■ **YOUR TASK**
Pull every line containing "More" out of the listing below.

■ **DATASET RECORDS**
--------------------------------------------------

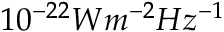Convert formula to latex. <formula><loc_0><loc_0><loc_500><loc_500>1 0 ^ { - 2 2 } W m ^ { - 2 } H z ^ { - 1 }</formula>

--------------------------------------------------

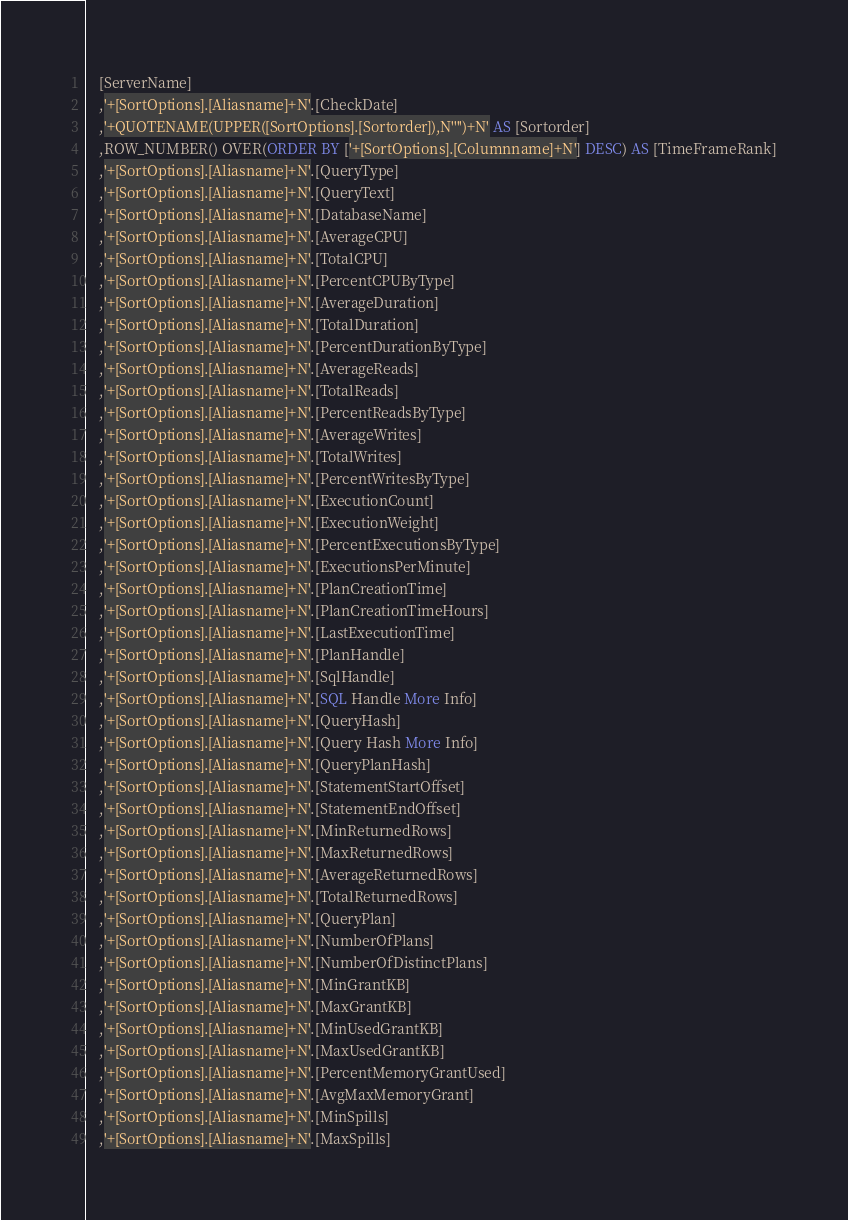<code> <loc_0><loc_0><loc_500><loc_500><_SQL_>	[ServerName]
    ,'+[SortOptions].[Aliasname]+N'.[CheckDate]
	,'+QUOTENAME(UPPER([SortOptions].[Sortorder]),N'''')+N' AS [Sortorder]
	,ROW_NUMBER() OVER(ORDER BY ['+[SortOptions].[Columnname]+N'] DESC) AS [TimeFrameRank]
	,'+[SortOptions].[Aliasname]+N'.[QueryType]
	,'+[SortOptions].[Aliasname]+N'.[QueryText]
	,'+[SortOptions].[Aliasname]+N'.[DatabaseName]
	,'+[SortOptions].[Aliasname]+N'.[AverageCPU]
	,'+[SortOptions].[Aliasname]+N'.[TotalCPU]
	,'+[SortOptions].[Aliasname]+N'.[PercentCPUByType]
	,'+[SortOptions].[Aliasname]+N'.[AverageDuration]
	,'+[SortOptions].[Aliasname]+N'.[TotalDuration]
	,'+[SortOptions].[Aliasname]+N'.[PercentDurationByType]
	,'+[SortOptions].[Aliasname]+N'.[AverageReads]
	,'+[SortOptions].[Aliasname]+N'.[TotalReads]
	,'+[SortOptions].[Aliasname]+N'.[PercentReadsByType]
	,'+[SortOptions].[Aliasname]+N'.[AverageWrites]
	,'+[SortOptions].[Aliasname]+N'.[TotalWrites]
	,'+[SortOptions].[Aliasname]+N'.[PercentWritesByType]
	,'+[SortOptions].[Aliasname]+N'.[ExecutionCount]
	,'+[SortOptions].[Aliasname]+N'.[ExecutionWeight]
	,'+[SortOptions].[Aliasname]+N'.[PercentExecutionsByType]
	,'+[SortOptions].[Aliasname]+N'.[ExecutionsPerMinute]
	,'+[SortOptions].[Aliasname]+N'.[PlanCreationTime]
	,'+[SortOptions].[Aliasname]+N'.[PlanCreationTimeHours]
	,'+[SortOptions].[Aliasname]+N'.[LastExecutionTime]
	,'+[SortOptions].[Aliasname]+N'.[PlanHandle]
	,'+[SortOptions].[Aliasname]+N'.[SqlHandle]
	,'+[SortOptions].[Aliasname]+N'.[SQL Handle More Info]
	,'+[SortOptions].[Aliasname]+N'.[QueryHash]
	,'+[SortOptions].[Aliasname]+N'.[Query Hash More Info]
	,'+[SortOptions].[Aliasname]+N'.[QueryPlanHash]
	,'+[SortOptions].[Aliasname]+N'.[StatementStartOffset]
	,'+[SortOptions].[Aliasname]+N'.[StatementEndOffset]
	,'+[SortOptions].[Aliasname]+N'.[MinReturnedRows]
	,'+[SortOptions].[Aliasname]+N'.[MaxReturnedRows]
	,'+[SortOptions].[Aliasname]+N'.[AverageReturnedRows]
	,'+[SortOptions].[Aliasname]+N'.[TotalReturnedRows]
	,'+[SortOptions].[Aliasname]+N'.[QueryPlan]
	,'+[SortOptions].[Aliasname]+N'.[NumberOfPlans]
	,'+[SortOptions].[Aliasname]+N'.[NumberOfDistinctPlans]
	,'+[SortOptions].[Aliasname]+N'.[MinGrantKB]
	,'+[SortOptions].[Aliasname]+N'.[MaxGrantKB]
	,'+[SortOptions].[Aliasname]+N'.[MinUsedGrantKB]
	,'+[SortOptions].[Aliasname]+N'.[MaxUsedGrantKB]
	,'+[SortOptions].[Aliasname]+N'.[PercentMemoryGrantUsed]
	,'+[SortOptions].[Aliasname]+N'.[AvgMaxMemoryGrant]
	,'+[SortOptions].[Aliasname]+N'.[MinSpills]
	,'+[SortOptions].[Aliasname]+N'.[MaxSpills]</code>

--------------------------------------------------

■ **TASK SOLUTION**
	,'+[SortOptions].[Aliasname]+N'.[SQL Handle More Info]
	,'+[SortOptions].[Aliasname]+N'.[Query Hash More Info]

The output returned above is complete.